TASK INSTRUCTIONS
Copy nothing but the lines below, from the one with "- car (225,313,383,383)" through the one with "1. cutting board: 0.252", exactly as written; no pictures should appear.

*** AVAILABLE DATA ***

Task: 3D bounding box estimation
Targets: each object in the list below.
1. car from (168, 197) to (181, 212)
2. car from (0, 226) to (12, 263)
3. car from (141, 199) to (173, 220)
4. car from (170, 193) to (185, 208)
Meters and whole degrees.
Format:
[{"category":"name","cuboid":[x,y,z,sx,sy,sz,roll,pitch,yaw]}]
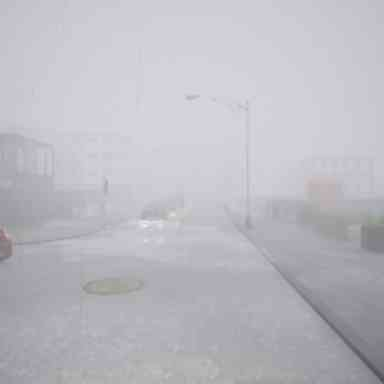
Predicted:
[{"category":"car","cuboid":[-2.703,1.604,38.328,1.895,1.301,4.718,0,0,2]},{"category":"car","cuboid":[-7.978,1.394,10.225,4.553,1.767,2.097,0,0,17]},{"category":"car","cuboid":[-3.060,1.572,28.432,1.994,1.385,4.181,0,0,2]},{"category":"car","cuboid":[-2.285,1.219,48.713,2.150,2.045,5.566,0,0,2]}]
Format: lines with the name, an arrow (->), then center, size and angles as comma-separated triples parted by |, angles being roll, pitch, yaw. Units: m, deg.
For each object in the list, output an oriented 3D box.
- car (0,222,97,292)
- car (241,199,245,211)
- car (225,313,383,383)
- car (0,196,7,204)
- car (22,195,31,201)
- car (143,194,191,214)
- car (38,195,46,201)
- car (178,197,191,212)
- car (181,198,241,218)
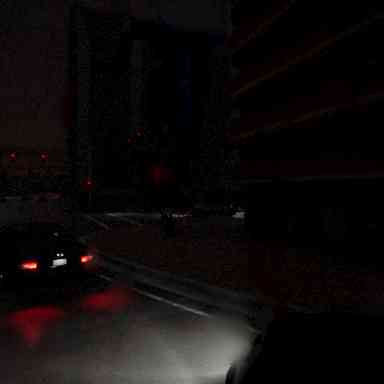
car -> -4.390, 1.547, 9.074 | 2.033, 1.411, 5.357 | 0, 0, -39
car -> 6.614, 1.560, 40.320 | 4.892, 1.490, 1.837 | 0, 0, -22
car -> 2.827, 1.547, 2.052 | 5.357, 1.411, 2.033 | 0, 0, 35
car -> -37.191, 1.540, 64.705 | 2.033, 1.411, 5.357 | 0, 0, -23
car -> -40.150, 1.525, 80.691 | 2.128, 1.511, 4.902 | 0, 0, -23
car -> -2.541, 1.277, 36.529 | 5.566, 2.045, 2.150 | 0, 0, -22
car -> -37.061, 1.540, 82.373 | 2.033, 1.411, 5.357 | 0, 0, -23
car -> 1.448, 1.560, 34.393 | 4.892, 1.490, 1.837 | 0, 0, -22
car -> 1.760, 1.581, 30.513 | 4.674, 1.442, 1.812 | 0, 0, -22
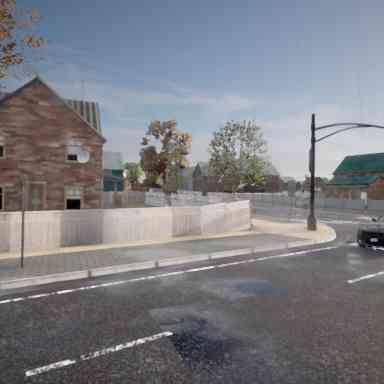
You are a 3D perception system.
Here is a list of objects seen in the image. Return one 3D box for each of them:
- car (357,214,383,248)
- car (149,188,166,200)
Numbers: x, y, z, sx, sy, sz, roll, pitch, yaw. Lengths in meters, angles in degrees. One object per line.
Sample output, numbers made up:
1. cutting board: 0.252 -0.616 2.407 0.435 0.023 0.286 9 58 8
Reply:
1. car: 8.740 1.495 13.626 5.008 1.535 1.882 0 0 -35
2. car: -6.515 0.335 61.647 2.150 2.045 5.566 1 1 -21
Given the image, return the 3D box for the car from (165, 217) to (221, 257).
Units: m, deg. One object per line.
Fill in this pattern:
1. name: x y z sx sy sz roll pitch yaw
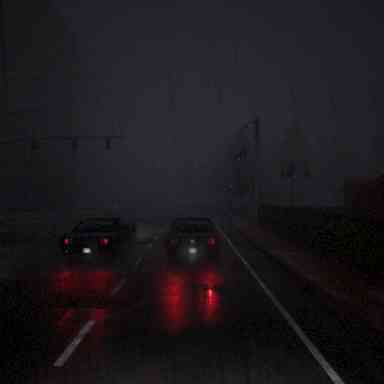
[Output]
1. car: 0.042 1.660 13.229 1.895 1.301 4.718 0 0 0

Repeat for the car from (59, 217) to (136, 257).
1. car: -3.458 1.660 13.227 1.895 1.301 4.718 0 0 0

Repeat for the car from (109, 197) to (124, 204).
1. car: -16.358 1.840 71.616 1.812 1.442 4.674 0 0 -38

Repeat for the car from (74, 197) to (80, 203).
1. car: -29.686 1.826 81.703 5.008 1.535 1.882 0 0 27
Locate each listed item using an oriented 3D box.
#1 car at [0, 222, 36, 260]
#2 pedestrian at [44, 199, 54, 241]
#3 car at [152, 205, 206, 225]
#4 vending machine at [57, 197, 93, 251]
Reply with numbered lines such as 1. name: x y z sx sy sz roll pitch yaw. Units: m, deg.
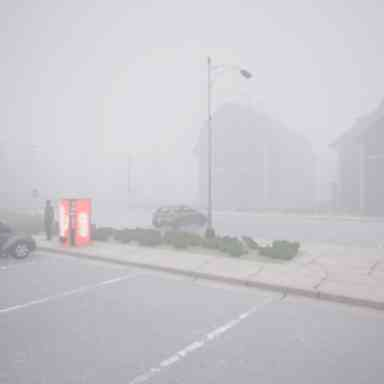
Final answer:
1. car: -7.250 1.592 10.739 1.784 1.438 3.905 0 0 36
2. pedestrian: -6.408 1.224 14.805 0.375 1.860 0.375 0 0 31
3. car: -0.785 1.583 21.925 1.816 1.474 4.193 0 0 36
4. vending machine: -4.842 1.265 13.761 0.880 2.100 1.100 0 0 35
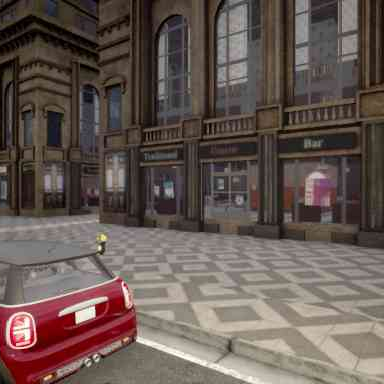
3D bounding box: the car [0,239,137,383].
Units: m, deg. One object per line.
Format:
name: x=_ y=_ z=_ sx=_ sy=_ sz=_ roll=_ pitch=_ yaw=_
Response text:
car: x=-2.807 y=1.440 z=4.967 sx=4.097 sy=1.590 sz=1.967 roll=0 pitch=0 yaw=36
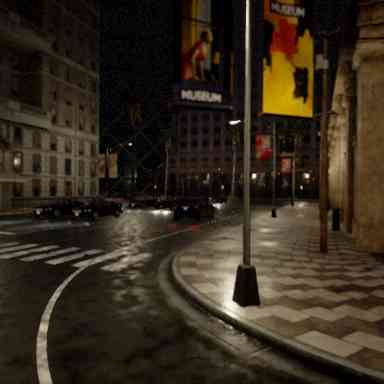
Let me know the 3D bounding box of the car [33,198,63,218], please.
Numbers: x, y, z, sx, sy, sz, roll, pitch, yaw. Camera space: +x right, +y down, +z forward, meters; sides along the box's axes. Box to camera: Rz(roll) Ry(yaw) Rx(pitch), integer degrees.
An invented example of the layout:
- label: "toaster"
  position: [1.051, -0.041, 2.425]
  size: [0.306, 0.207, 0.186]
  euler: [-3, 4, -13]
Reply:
- label: "car"
  position: [-10.491, 1.255, 26.867]
  size: [2.128, 1.511, 4.902]
  euler: [1, 0, 21]

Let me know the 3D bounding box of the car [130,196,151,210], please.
- label: "car"
  position: [-5.702, 1.227, 39.361]
  size: [2.128, 1.511, 4.902]
  euler: [1, 1, 21]

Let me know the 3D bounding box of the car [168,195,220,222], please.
- label: "car"
  position: [0.295, 1.217, 25.435]
  size: [2.097, 1.767, 4.553]
  euler: [1, 0, 21]

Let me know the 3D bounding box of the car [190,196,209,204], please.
- label: "car"
  position: [1.357, 1.316, 57.248]
  size: [1.895, 1.301, 4.718]
  euler: [1, 0, 21]

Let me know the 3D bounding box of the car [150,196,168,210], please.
- label: "car"
  position: [-2.599, 1.339, 37.685]
  size: [1.994, 1.385, 4.181]
  euler: [1, 1, 21]

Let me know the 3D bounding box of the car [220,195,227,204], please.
- label: "car"
  position: [4.587, 1.242, 55.897]
  size: [2.128, 1.511, 4.902]
  euler: [1, 0, 21]

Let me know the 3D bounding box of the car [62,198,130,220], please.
- label: "car"
  position: [-7.213, 1.291, 25.640]
  size: [2.128, 1.511, 4.902]
  euler: [1, 0, 21]

*** End of AVAILABLE DATA ***

ANSWER TO THE PROBLEM
- car (225,313,383,383)
- car (0,196,7,204)
- car (22,195,31,201)
- car (143,194,191,214)
- car (38,195,46,201)
- car (178,197,191,212)
- car (181,198,241,218)
car -> -4.390, 1.547, 9.074 | 2.033, 1.411, 5.357 | 0, 0, -39
car -> 6.614, 1.560, 40.320 | 4.892, 1.490, 1.837 | 0, 0, -22
car -> 2.827, 1.547, 2.052 | 5.357, 1.411, 2.033 | 0, 0, 35
car -> -37.191, 1.540, 64.705 | 2.033, 1.411, 5.357 | 0, 0, -23
car -> -40.150, 1.525, 80.691 | 2.128, 1.511, 4.902 | 0, 0, -23
car -> -2.541, 1.277, 36.529 | 5.566, 2.045, 2.150 | 0, 0, -22
car -> -37.061, 1.540, 82.373 | 2.033, 1.411, 5.357 | 0, 0, -23
car -> 1.448, 1.560, 34.393 | 4.892, 1.490, 1.837 | 0, 0, -22
car -> 1.760, 1.581, 30.513 | 4.674, 1.442, 1.812 | 0, 0, -22
You are a 3D perception system.
Here is a list of objects seen in the image. Return one 3D box for each of them:
- car (357,214,383,248)
- car (149,188,166,200)
Numbers: x, y, z, sx, sy, sz, roll, pitch, yaw. Lengths in meters, angles in degrees. One object per line.
Sample output, numbers made up:
1. cutting board: 0.252 -0.616 2.407 0.435 0.023 0.286 9 58 8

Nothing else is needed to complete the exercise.